RECORDED INFORMATION:
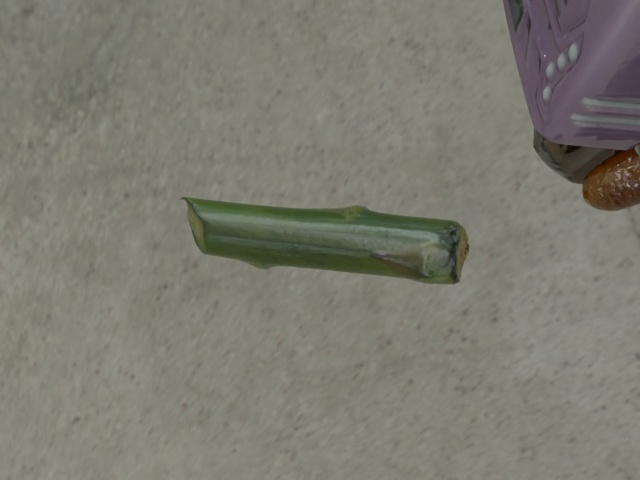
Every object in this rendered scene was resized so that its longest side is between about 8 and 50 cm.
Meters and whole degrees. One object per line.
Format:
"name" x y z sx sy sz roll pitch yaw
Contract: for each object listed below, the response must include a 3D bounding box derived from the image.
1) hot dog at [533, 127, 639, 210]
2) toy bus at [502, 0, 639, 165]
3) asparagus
"hot dog" 0.368 -0.094 1.296 0.326 0.194 0.107 -28 50 5
"toy bus" 0.149 -0.073 0.355 0.199 0.108 0.096 3 58 -14
"asparagus" 0.000 -0.001 1.375 0.277 0.060 0.067 3 95 10
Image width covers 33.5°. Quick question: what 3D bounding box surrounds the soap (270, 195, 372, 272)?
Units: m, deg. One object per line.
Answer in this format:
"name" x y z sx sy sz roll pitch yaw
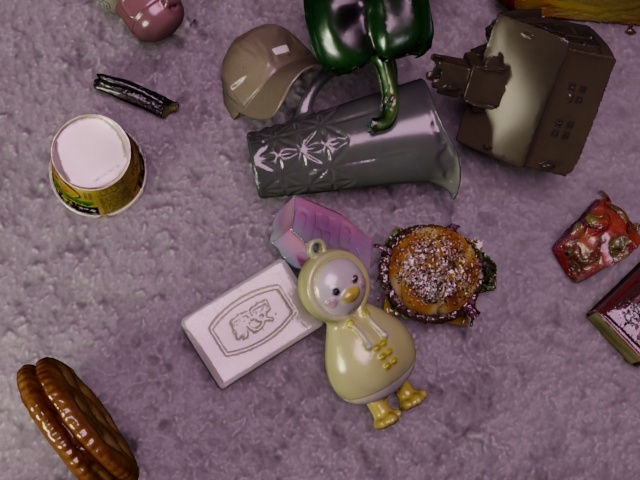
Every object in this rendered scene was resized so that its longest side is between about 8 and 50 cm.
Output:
"soap" 0.000 0.000 1.589 0.149 0.056 0.100 24 46 -17

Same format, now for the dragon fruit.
"dragon fruit" 0.435 -0.010 1.636 0.147 0.096 0.102 -42 82 -14

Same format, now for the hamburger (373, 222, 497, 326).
"hamburger" 0.176 0.048 1.601 0.189 0.093 0.164 -2 78 -8

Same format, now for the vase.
"vase" 0.041 -0.154 1.609 0.300 0.156 0.251 -12 85 -2

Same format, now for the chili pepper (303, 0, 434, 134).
"chili pepper" 0.072 -0.289 1.516 0.173 0.165 0.261 -12 108 2

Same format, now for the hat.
"hat" -0.078 -0.271 1.606 0.166 0.173 0.144 -43 92 -13

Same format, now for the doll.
"doll" 0.052 0.129 1.523 0.141 0.117 0.296 -33 113 -18

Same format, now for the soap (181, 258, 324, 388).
"soap" -0.102 0.123 1.574 0.183 0.064 0.121 -32 83 -12

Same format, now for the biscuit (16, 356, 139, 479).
"biscuit" -0.330 0.251 1.450 0.066 0.220 0.220 -35 84 -7

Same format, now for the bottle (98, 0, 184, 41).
"bottle" -0.309 -0.418 1.638 0.120 0.120 0.253 -35 84 -11

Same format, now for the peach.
"peach" 0.413 -0.440 1.699 0.267 0.159 0.154 3 72 -3

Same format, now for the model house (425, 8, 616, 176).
"model house" 0.276 -0.247 1.611 0.243 0.204 0.211 8 119 -14

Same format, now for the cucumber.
"cucumber" -0.285 -0.227 1.644 0.134 0.033 0.034 26 40 0

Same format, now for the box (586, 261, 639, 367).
"box" 0.530 0.080 1.642 0.224 0.069 0.120 -40 85 -10

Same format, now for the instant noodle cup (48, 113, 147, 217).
"instant noodle cup" -0.335 -0.117 1.571 0.151 0.122 0.151 1 81 -4
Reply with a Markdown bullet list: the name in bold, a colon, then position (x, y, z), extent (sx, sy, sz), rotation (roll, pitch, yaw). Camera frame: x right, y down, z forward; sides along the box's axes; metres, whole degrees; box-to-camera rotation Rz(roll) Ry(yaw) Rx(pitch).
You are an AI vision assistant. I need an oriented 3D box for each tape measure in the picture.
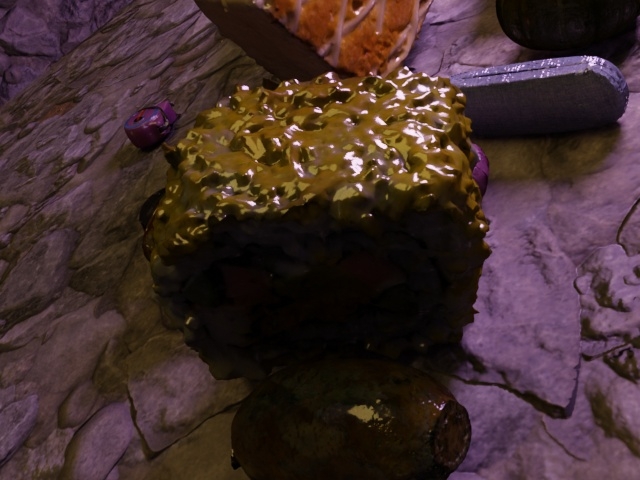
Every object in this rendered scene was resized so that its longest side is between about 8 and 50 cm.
- **tape measure**: position (-0.421, -0.285, 1.784), extent (0.125, 0.074, 0.118), rotation (-17, 35, 19)

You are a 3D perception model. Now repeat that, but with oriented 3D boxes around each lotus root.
- **lotus root**: position (0.024, 0.204, 0.786), extent (0.275, 0.152, 0.160), rotation (-10, 40, 33)

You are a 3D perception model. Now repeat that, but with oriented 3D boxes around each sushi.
- **sushi**: position (0.000, 0.000, 0.857), extent (0.397, 0.351, 0.240), rotation (-7, 50, 5)

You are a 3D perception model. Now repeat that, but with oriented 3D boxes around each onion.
- **onion**: position (0.185, -0.087, 1.016), extent (0.115, 0.105, 0.115), rotation (-163, 90, -80)

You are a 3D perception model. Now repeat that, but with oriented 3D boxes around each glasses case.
- **glasses case**: position (0.297, -0.203, 1.040), extent (0.283, 0.109, 0.067), rotation (1, 52, 42)

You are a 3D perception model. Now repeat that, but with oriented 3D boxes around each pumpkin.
- **pumpkin**: position (0.388, -0.375, 1.116), extent (0.224, 0.157, 0.223), rotation (-16, 28, 9)

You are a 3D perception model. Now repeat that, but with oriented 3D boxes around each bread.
- **bread**: position (0.000, -0.490, 1.329), extent (0.279, 0.371, 0.389), rotation (8, 74, 51)

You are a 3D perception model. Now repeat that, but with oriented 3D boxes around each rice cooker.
- **rice cooker**: position (-0.269, -0.035, 1.347), extent (0.112, 0.106, 0.165), rotation (-47, 32, -12)

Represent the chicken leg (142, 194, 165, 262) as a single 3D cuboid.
- **chicken leg**: position (-0.147, -0.087, 1.187), extent (0.361, 0.140, 0.211), rotation (-44, 21, -12)
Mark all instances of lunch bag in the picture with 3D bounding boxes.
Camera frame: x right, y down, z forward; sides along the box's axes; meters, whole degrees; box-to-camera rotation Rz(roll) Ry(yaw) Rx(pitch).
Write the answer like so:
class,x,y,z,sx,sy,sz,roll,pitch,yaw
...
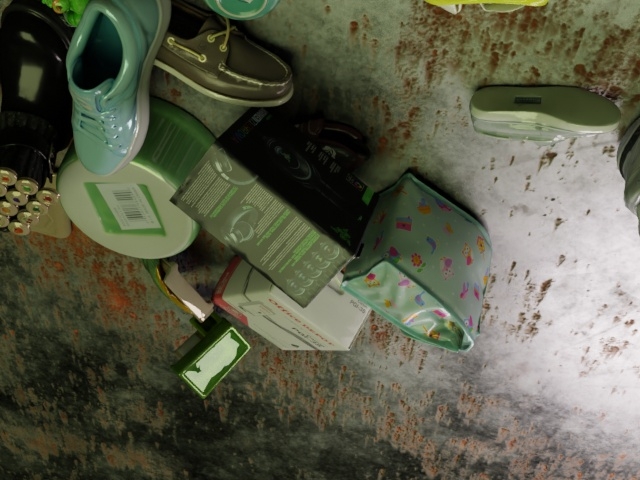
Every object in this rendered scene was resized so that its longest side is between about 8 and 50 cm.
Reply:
class,x,y,z,sx,sy,sz,roll,pitch,yaw
lunch bag,0.190,0.049,1.529,0.262,0.223,0.160,35,140,-21

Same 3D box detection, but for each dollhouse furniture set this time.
class,x,y,z,sx,sy,sz,roll,pitch,yaw
dollhouse furniture set,-0.314,0.153,1.788,0.197,0.151,0.301,32,162,50

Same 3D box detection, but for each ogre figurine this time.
class,x,y,z,sx,sy,sz,roll,pitch,yaw
ogre figurine,-0.389,-0.401,1.327,0.118,0.097,0.197,44,136,30

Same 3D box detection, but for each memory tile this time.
class,x,y,z,sx,sy,sz,roll,pitch,yaw
memory tile,-0.511,-0.062,1.425,0.113,0.012,0.148,29,134,-29

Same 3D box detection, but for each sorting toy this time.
class,x,y,z,sx,sy,sz,roll,pitch,yaw
sorting toy,-0.625,-0.096,1.787,0.208,0.038,0.193,11,138,0

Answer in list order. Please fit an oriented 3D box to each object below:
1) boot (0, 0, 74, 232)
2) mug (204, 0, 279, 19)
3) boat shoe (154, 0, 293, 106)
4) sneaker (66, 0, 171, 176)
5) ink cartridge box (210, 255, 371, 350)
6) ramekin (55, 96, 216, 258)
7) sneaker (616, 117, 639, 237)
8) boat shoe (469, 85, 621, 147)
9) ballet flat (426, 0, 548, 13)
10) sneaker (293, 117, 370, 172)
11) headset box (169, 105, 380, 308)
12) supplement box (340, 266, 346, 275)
class,x,y,z,sx,sy,sz,roll,pitch,yaw
boot,-0.510,-0.204,1.464,0.131,0.260,0.348,12,138,4
mug,-0.128,-0.382,1.244,0.158,0.097,0.129,-5,148,3
boat shoe,-0.189,-0.312,1.358,0.324,0.116,0.096,24,139,3
sneaker,-0.342,-0.234,1.311,0.135,0.150,0.365,29,128,10
ink cartridge box,-0.061,0.116,1.688,0.207,0.117,0.283,38,158,-20
ramekin,-0.336,-0.105,1.594,0.304,0.148,0.303,9,137,9
sneaker,0.540,-0.157,1.207,0.137,0.210,0.365,19,137,-2
boat shoe,0.348,-0.189,1.346,0.228,0.079,0.081,8,146,17
ballet flat,0.215,-0.355,1.214,0.231,0.077,0.077,3,152,13
sneaker,0.034,-0.099,1.516,0.163,0.106,0.281,-18,127,28
headset box,-0.054,-0.059,1.359,0.283,0.246,0.131,40,116,-5
supplement box,0.000,0.000,1.649,0.233,0.080,0.078,34,136,-15
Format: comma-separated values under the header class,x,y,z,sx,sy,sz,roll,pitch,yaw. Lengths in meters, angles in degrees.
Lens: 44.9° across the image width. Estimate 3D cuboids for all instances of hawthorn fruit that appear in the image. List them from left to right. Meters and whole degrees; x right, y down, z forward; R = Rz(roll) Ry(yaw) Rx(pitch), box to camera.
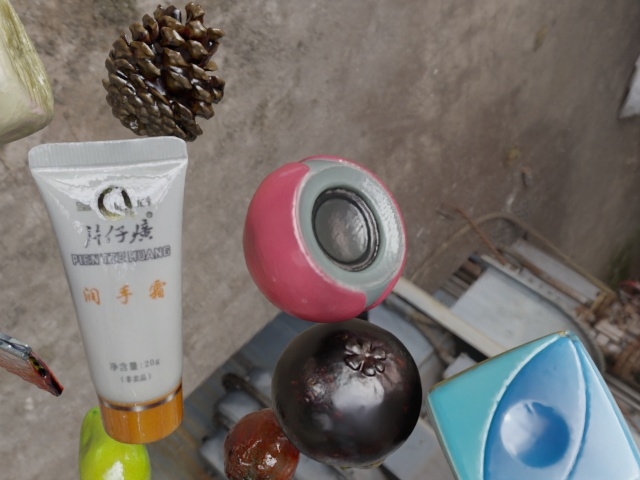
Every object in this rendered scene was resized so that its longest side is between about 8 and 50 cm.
class,x,y,z,sx,sy,sz,roll,pitch,yaw
hawthorn fruit,-0.120,0.467,1.781,0.181,0.181,0.235,92,22,-43

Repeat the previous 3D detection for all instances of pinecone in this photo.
class,x,y,z,sx,sy,sz,roll,pitch,yaw
pinecone,-0.230,-0.254,1.178,0.204,0.179,0.184,-66,-174,-30

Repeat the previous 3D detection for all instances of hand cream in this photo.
class,x,y,z,sx,sy,sz,roll,pitch,yaw
hand cream,-0.183,0.048,0.759,0.140,0.089,0.314,-7,114,-8

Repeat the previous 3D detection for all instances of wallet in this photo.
class,x,y,z,sx,sy,sz,roll,pitch,yaw
wallet,-0.328,0.080,0.698,0.103,0.196,0.020,85,30,-62

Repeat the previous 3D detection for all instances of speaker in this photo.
class,x,y,z,sx,sy,sz,roll,pitch,yaw
speaker,0.000,0.000,1.337,0.294,0.294,0.294,-36,144,-31

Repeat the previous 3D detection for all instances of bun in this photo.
class,x,y,z,sx,sy,sz,roll,pitch,yaw
bun,-0.412,-0.209,0.929,0.128,0.178,0.193,-20,100,-1

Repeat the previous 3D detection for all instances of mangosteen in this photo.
class,x,y,z,sx,sy,sz,roll,pitch,yaw
mangosteen,0.046,0.294,1.505,0.297,0.297,0.313,-46,177,-15

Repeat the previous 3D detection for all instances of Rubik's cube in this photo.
class,x,y,z,sx,sy,sz,roll,pitch,yaw
Rubik's cube,0.439,0.425,1.621,0.352,0.351,0.347,-26,157,1

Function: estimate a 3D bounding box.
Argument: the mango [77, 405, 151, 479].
class,x,y,z,sx,sy,sz,roll,pitch,yaw
mango,-0.447,0.484,1.684,0.149,0.273,0.185,-20,115,-11
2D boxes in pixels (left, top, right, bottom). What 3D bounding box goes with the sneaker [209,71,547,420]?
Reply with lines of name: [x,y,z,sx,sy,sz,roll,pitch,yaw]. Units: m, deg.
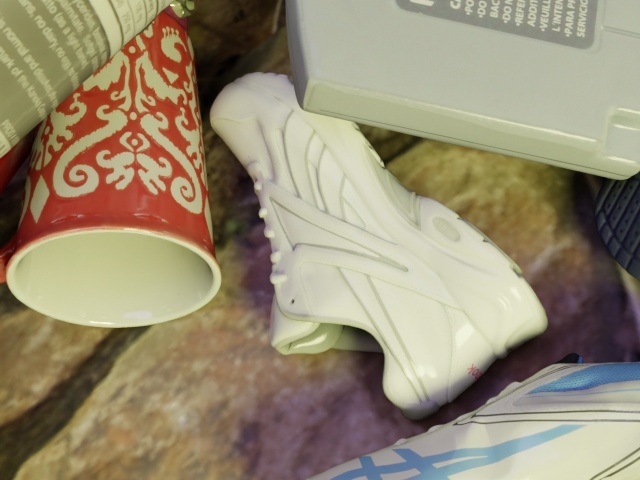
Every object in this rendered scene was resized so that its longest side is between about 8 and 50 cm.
sneaker: [0.000,0.000,0.454,0.115,0.090,0.232,-45,61,-3]

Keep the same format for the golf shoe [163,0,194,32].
golf shoe: [-0.183,-0.263,0.586,0.140,0.115,0.306,-13,81,24]

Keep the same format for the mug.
mug: [-0.135,-0.050,0.495,0.150,0.113,0.169,2,59,-14]

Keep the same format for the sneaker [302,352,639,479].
sneaker: [0.091,0.103,0.391,0.237,0.085,0.086,-17,36,12]

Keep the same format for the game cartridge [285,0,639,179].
game cartridge: [0.085,-0.188,0.446,0.196,0.060,0.294,13,74,-7]

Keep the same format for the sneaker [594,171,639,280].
sneaker: [0.197,0.010,0.412,0.144,0.059,0.053,43,117,40]

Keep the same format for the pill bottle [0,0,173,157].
pill bottle: [-0.162,-0.159,0.413,0.176,0.176,0.318,36,75,27]
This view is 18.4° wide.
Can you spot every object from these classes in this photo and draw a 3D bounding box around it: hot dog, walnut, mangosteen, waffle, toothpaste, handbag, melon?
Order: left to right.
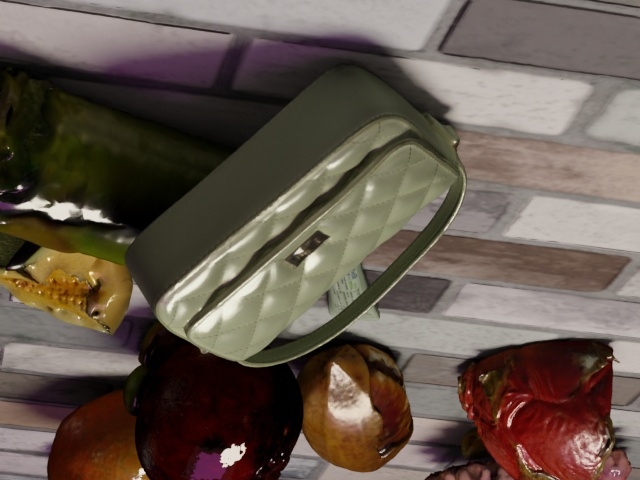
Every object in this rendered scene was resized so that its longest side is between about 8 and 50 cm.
[{"bbox_3d":[-0.238,0.014,1.691,0.128,0.079,0.160,11,165,32],"label":"melon"},{"bbox_3d":[-0.111,0.160,1.901,0.200,0.200,0.200,3,157,1],"label":"mangosteen"},{"bbox_3d":[0.000,0.000,1.473,0.256,0.079,0.219,-41,143,11],"label":"handbag"},{"bbox_3d":[0.023,0.038,1.765,0.048,0.029,0.197,3,160,7],"label":"toothpaste"},{"bbox_3d":[0.032,0.164,1.972,0.115,0.116,0.207,-3,148,14],"label":"walnut"},{"bbox_3d":[0.189,0.218,2.168,0.090,0.030,0.034,-13,151,32],"label":"hot dog"},{"bbox_3d":[0.233,0.266,2.198,0.234,0.055,0.221,-6,170,-10],"label":"waffle"}]

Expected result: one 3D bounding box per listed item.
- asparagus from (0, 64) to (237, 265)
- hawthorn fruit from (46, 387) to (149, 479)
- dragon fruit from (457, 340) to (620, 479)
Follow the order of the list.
[{"bbox_3d":[-0.125,-0.031,1.508,0.382,0.128,0.108,16,-170,-31],"label":"asparagus"},{"bbox_3d":[-0.200,0.243,2.099,0.189,0.189,0.189,3,157,1],"label":"hawthorn fruit"},{"bbox_3d":[0.208,0.168,1.937,0.161,0.120,0.127,5,152,8],"label":"dragon fruit"}]

AIM OF THE EXERCISE: Nothing but lines that contain "width" should appear in the answer. Copy each from the records.

TASK RESULT:
Image width covers 33.5°. Quick question: what 3D bounding box surrounds the soap (270, 195, 372, 272)?
Lens: 44.9° across the image width. Estimate 3D cuboids for all instances of hawthorn fruit that appear in the image. List them from left to right. Meters and whole degrees; x right, y down, z forward; R = Rz(roll) Ry(yaw) Rx(pitch), box to camera.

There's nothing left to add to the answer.